BNL's new risk assessment, Baseline Human Health Risk Assessment dated March 2003, evaluated the potential risk to human health for defined populations that may now, or in the future, be exposed to various contaminants that were identified in the upstream areas of the Peconic River. The assessment conclusion was that a potential risk that exceeded the criteria established by the EPA existed and remedial action objectives to address the possible risk needed to be established and implemented in a timely manner.

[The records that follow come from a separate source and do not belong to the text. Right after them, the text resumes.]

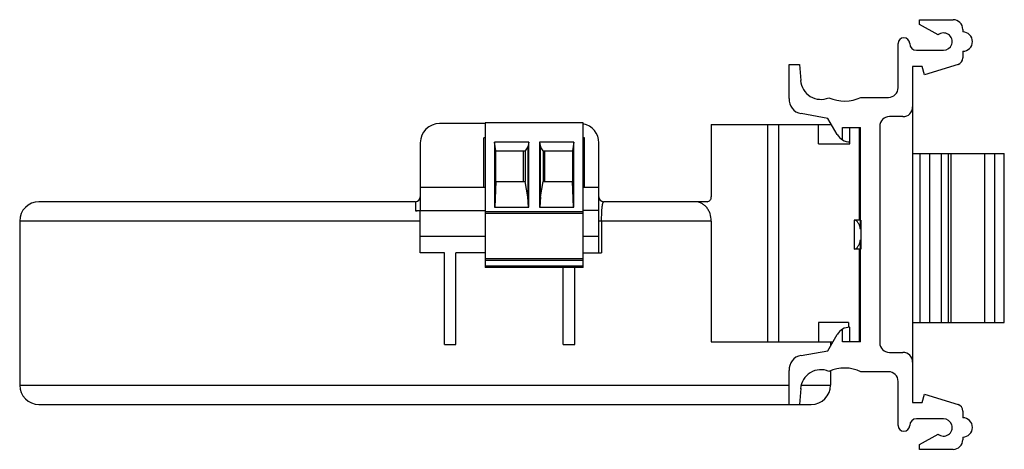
# Model space of a CAD drawing. Header units: millimetres. Extents: x 15 to 117, y 69 to 114.
import ezdxf

# ---------------------------------------------------------------- set-up
doc = ezdxf.new("R2010")
doc.units = ezdxf.units.MM
doc.header["$LTSCALE"] = 11.885419
doc.layers.get('0').update_dxf_attribs({"linetype": 'CONTINUOUS'})

msp = doc.modelspace()

# ---------------------------------------------------------------- linework, layer by layer
at = {"color": 7, "linetype": 'Continuous'}
for p, q in [((108.45, 113.86), (111.95, 113.86)), ((108.45, 113.36), (108.45, 113.86)), ((110.39, 112.29), (108.45, 113.36)), ((112.95, 112.86), (112.95, 112.59)), ((106.25, 106.82), (106.25, 111.39)), ((108.15, 110.69), (110.95, 110.69)), ((112.95, 110.59), (112.95, 109.9)), ((94.95, 109.21), (96.05, 109.21)), ((94.95, 105.71), (94.95, 109.21)), ((96.05, 109.21), (96.16, 107.58)), ((112.46, 109.23), (108.98, 108.16)), ((108.75, 109.01), (107.75, 109.01)), ((107.75, 109.01), (107.75, 74.21)), ((108.98, 108.16), (108.75, 109.01)), ((102.4, 105.82), (105.25, 105.82)), ((98.98, 103.64), (96.19, 104.14)), ((63.46, 103.11), (58.75, 103.11)), ((63.46, 103.19), (63.46, 88.19)), ((73.62, 103.19), (63.46, 103.19)), ((73.62, 88.19), (73.62, 103.19)), ((99.95, 101.96), (98.98, 103.64)), ((106.75, 103.82), (105.35, 103.82)), ((86.9, 103.01), (99.35, 103.01)), ((86.9, 103.01), (86.9, 95.51)), ((92.75, 80.51), (92.75, 103.01)), ((93.86, 103.01), (93.86, 80.51)), ((98, 101.01), (98, 103.01)), ((100.5, 102.71), (102.35, 102.71)), ((100.5, 101.41), (100.5, 102.71)), ((101.25, 101.01), (101.25, 102.71)), ((102.25, 93.11), (102.25, 102.71)), ((102.35, 92.17), (102.35, 102.71)), ((104.35, 102.82), (104.35, 80.4)), ((56.75, 101.11), (56.75, 94.11)), ((63.33, 96.51), (63.33, 101.61)), ((63.46, 101.61), (63.33, 101.61)), ((64.44, 101.18), (64.44, 94.44)), ((64.58, 100.29), (64.44, 101.18)), ((67.99, 101.18), (64.44, 101.18)), ((67.99, 101.18), (67.88, 100.71)), ((67.99, 94.44), (67.99, 101.18)), ((69.09, 101.18), (69.09, 94.44)), ((69.09, 101.18), (69.21, 100.71)), ((72.64, 101.18), (69.09, 101.18)), ((72.64, 101.18), (72.51, 100.29)), ((72.64, 94.44), (72.64, 101.18)), ((73.75, 101.61), (73.62, 101.61)), ((73.75, 96.51), (73.75, 101.61)), ((75.25, 89.71), (75.25, 101.11)), ((98, 101.01), (101.25, 101.01)), ((64.58, 97.09), (64.58, 100.29)), ((64.58, 100.29), (67.61, 100.29)), ((67.43, 97.09), (67.43, 100.29)), ((67.88, 100.71), (67.61, 100.29)), ((67.61, 100.29), (67.61, 97.09)), ((67.88, 100.71), (67.88, 95.53)), ((69.21, 95.53), (69.21, 100.71)), ((69.47, 100.29), (69.21, 100.71)), ((69.47, 100.29), (69.47, 97.09)), ((69.47, 100.29), (72.51, 100.29)), ((69.66, 97.09), (69.66, 100.29)), ((72.51, 100.29), (72.51, 97.09)), ((102.35, 100.01), (102.25, 100.01)), ((107.75, 100.01), (117.25, 100.01)), ((108.55, 82.51), (108.55, 100.01)), ((109.55, 82.51), (109.55, 100.01)), ((110.75, 82.51), (110.75, 100.01)), ((111.45, 100.01), (111.45, 82.51)), ((111.75, 82.51), (111.75, 100.01)), ((115.25, 82.51), (115.25, 100.01)), ((116.25, 100.01), (116.25, 82.51)), ((117.25, 82.51), (117.25, 100.01)), ((64.58, 97.09), (64.47, 94.44)), ((64.58, 97.09), (67.61, 97.09)), ((67.88, 95.53), (67.61, 97.09)), ((69.21, 95.53), (69.47, 97.09)), ((69.47, 97.09), (72.51, 97.09)), ((72.61, 94.44), (72.51, 97.09)), ((56.75, 96.51), (63.46, 96.51)), ((73.62, 96.51), (75.25, 96.51)), ((56.25, 95.01), (17.25, 95.01)), ((67.95, 94.44), (67.88, 95.53)), ((69.21, 95.53), (69.14, 94.44)), ((86.47, 95.01), (75.75, 95.01)), ((56.43, 94.11), (63.46, 94.11)), ((56.75, 89.71), (56.75, 94.06)), ((63.46, 93.99), (73.62, 93.99)), ((64.44, 94.44), (67.99, 94.44)), ((69.09, 94.44), (72.64, 94.44)), ((75.25, 94.11), (73.62, 94.11)), ((15.25, 93.01), (15.25, 76.01)), ((56.75, 93.01), (15.25, 93.01)), ((73.62, 93.79), (63.46, 93.79)), ((86.9, 93.01), (75.25, 93.01)), ((75.53, 93.01), (75.53, 89.71)), ((86.9, 93.01), (86.9, 80.51)), ((102.4, 93.11), (101.7, 93.11)), ((101.7, 93.11), (101.7, 93.11)), ((101.7, 93.11), (101.7, 90.11)), ((102.4, 93.11), (102.4, 90.11)), ((63.46, 91.41), (56.75, 91.41)), ((75.25, 91.41), (73.62, 91.41)), ((102.35, 80.51), (102.35, 91.06)), ((101.7, 90.11), (101.7, 90.11)), ((102.4, 90.11), (101.7, 90.11)), ((102.25, 80.51), (102.25, 90.11)), ((59.25, 89.71), (56.75, 89.71)), ((59.25, 80.21), (59.25, 89.71)), ((60.45, 80.21), (60.45, 89.71)), ((63.46, 89.71), (60.45, 89.71)), ((63.46, 89.14), (73.62, 89.14)), ((63.46, 88.94), (73.62, 88.94)), ((73.62, 89.71), (75.53, 89.71)), ((63.46, 88.38), (73.62, 88.38)), ((73.62, 88.19), (63.46, 88.19)), ((71.55, 80.21), (71.55, 88.19)), ((72.75, 80.21), (72.75, 88.19)), ((101.1, 82.51), (98, 82.51)), ((98, 82.51), (98, 80.51)), ((100.5, 80.51), (100.5, 81.81)), ((101.1, 82.51), (101.1, 82)), ((101.25, 80.51), (101.25, 82.01)), ((102.25, 82.51), (102.35, 82.51)), ((107.75, 82.51), (117.25, 82.51)), ((98.98, 79.58), (99.95, 81.26)), ((59.25, 80.21), (60.45, 80.21)), ((71.55, 80.21), (72.75, 80.21)), ((86.9, 80.51), (99.52, 80.51)), ((96.19, 79.09), (98.98, 79.58)), ((99.25, 80.51), (99.25, 80.05)), ((102.35, 80.51), (100.5, 80.51)), ((105.35, 79.4), (106.75, 79.4)), ((94.95, 74.01), (94.95, 77.51)), ((99.25, 77.5), (99.25, 76.01)), ((105.25, 77.4), (102.4, 77.4)), ((15.25, 76.01), (94.95, 76.01)), ((96.16, 75.65), (96.05, 74.01)), ((96.22, 76.01), (99.25, 76.01)), ((106.25, 71.83), (106.25, 76.4)), ((108.75, 74.21), (108.98, 75.06)), ((108.98, 75.06), (112.46, 74)), ((17.25, 74.01), (97.25, 74.01)), ((107.75, 74.21), (108.75, 74.21)), ((110.95, 72.53), (108.15, 72.53)), ((112.95, 73.33), (112.95, 72.63)), ((108.45, 69.86), (110.39, 70.93)), ((112.95, 70.63), (112.95, 70.36)), ((108.45, 69.36), (108.45, 69.86)), ((111.95, 69.36), (108.45, 69.36))]:
    msp.add_line(p, q, dxfattribs=at)
for centre, radius, start, end in [((111.95, 112.86), 1, 0, 90), ((110.95, 111.59), 0.9, 270, 128.9855), ((112.95, 111.59), 1, 270, 90), ((106.85, 111.39), 0.6, 0, 180), ((108.15, 111.39), 0.7, 180, 270), ((112.25, 109.9), 0.7, 287, 360), ((98.25, 107.71), 2.1, 183.6516, 293.3403), ((105.25, 106.82), 1, 270, 360), ((96.45, 105.61), 1.5, 176.1774, 260), ((100.7, 109.44), 4, 246.1402, 295.1507), ((106.75, 104.82), 1, 270, 360), ((58.75, 101.11), 2, 90, 180), ((73.25, 101.11), 2, 0, 79.1104), ((105.35, 102.82), 1, 90, 180), ((101.25, 102.71), 1.5, 210, 270), ((17.25, 93.01), 2, 90, 180), ((56.25, 95.51), 0.5, 270, 360), ((75.75, 95.51), 0.5, 180, 270), ((57.22, 69.69), 24.37, 91.8629, 92.2468), ((57.23, 69.22), 24.84, 91.4892, 91.8659), ((57.24, 68.97), 25.1, 91.1138, 91.4867), ((101.25, 80.51), 1.5, 90, 150), ((105.35, 80.4), 1, 180, 270), ((96.45, 77.61), 1.5, 100, 183.8226), ((106.75, 78.4), 1, 0, 90), ((98.25, 75.51), 2.1, 66.6597, 176.3484), ((100.7, 73.78), 4, 64.8493, 113.8598), ((105.25, 76.4), 1, 0, 90), ((17.25, 76.01), 2, 180, 270), ((97.25, 76.01), 2, 270, 360), ((112.25, 73.33), 0.7, 0, 73), ((108.15, 71.83), 0.7, 90, 180), ((110.95, 71.63), 0.9, 231.0145, 90), ((112.95, 71.63), 1, 270, 90), ((106.85, 71.83), 0.6, 180, 360), ((111.95, 70.36), 1, 270, 360)]:
    msp.add_arc(centre, radius, start, end, dxfattribs=at)
for points, knots in [([(56.25, 95.01), (56.25, 95.01), (56.25, 95.01), (56.25, 95.01), (56.25, 95), (56.25, 95), (56.25, 94.99), (56.25, 94.97), (56.25, 94.94), (56.26, 94.91), (56.26, 94.86), (56.26, 94.81), (56.26, 94.73), (56.26, 94.61), (56.26, 94.44), (56.26, 94.25), (56.26, 94.12), (56.26, 94.05)], [0, 0, 0, 0, 0.001169, 0.004451, 0.009868, 0.017408, 0.027056, 0.038794, 0.068473, 0.106308, 0.152159, 0.205884, 0.267344, 0.412584, 0.585144, 0.781968, 1, 1, 1, 1]), ([(75.53, 93.01), (75.53, 93.28), (75.54, 93.67), (75.57, 94.16), (75.59, 94.42), (75.61, 94.59), (75.63, 94.7), (75.65, 94.8), (75.67, 94.87), (75.69, 94.93), (75.71, 94.98), (75.73, 95.01), (75.75, 95.01)], [0, 0, 0, 0, 0.397696, 0.570982, 0.718088, 0.780397, 0.834861, 0.881403, 0.919978, 0.950627, 0.973631, 1, 1, 1, 1]), ([(86.9, 93.01), (86.9, 93.27), (86.83, 93.67), (86.62, 94.13), (86.41, 94.44), (86.15, 94.69), (85.85, 94.87), (85.53, 94.99), (85.31, 95.01), (85.2, 95.01)], [0, 0, 0, 0, 0.270046, 0.401585, 0.529034, 0.651985, 0.770726, 0.886296, 1, 1, 1, 1]), ([(86.47, 95.01), (86.53, 95.01), (86.64, 95.04), (86.78, 95.15), (86.88, 95.32), (86.9, 95.45), (86.9, 95.51)], [0, 0, 0, 0, 0.228664, 0.470068, 0.728944, 1, 1, 1, 1]), ([(56.26, 94.05), (56.29, 94.05), (56.35, 94.06), (56.41, 94.09), (56.43, 94.11)], [0, 0, 0, 0, 0.499609, 1, 1, 1, 1]), ([(102.35, 92.17), (102.33, 92.3), (102.28, 92.5), (102.17, 92.73), (102.09, 92.86), (102, 92.97), (101.91, 93.05), (101.81, 93.1), (101.74, 93.11), (101.7, 93.11)], [0, 0, 0, 0, 0.336864, 0.483211, 0.613332, 0.727638, 0.827776, 0.916991, 1, 1, 1, 1]), ([(101.7, 90.11), (101.74, 90.11), (101.81, 90.12), (101.91, 90.17), (102, 90.25), (102.09, 90.36), (102.17, 90.5), (102.28, 90.73), (102.33, 90.92), (102.35, 91.06)], [0, 0, 0, 0, 0.083005, 0.172196, 0.272331, 0.386658, 0.516799, 0.663162, 1, 1, 1, 1])]:
    msp.add_open_spline(points, degree=3, knots=knots, dxfattribs=at)

doc.saveas('drawing.dxf')

The new risk assessment information and the data from the successful pilot study (excavation and re-vegetation) were used to develop a new plan for cleanup of the Peconic River. The plan for the on-site portion of the river was released in September 2003. The plan called for removing mercury-contaminated sediment from defined areas, disposing of it off-site, and then restoring the river banks. In order to begin cleanup as quickly as possible, an Action Memorandum was issued in January 2004 for the on-site work where the highest concentrations of contaminants were located. In May 2004, a Proposed Remedial Action Plan was released that covered both the on- and off-site portions of the river. This time, the community supported the proposed plan. While awaiting finalization of a Record of Decision for the Peconic River, an Action Memorandum was issued in September 2004 for the off-site work. On-site work was completed in late 2004 and off-site remediation between the Laboratory boundary and just east of Wading River-Manorville Road, was completed in April 2005.
Following several years of monitoring, with exceptions at two sampling locations, one on-site and one off, contaminants in the water column, sediment, and in the fish, are trending downward. In 2010/2011, BNL went back into the river to cleanup two areas (approximately a third of an acre) showing residual mercury contamination.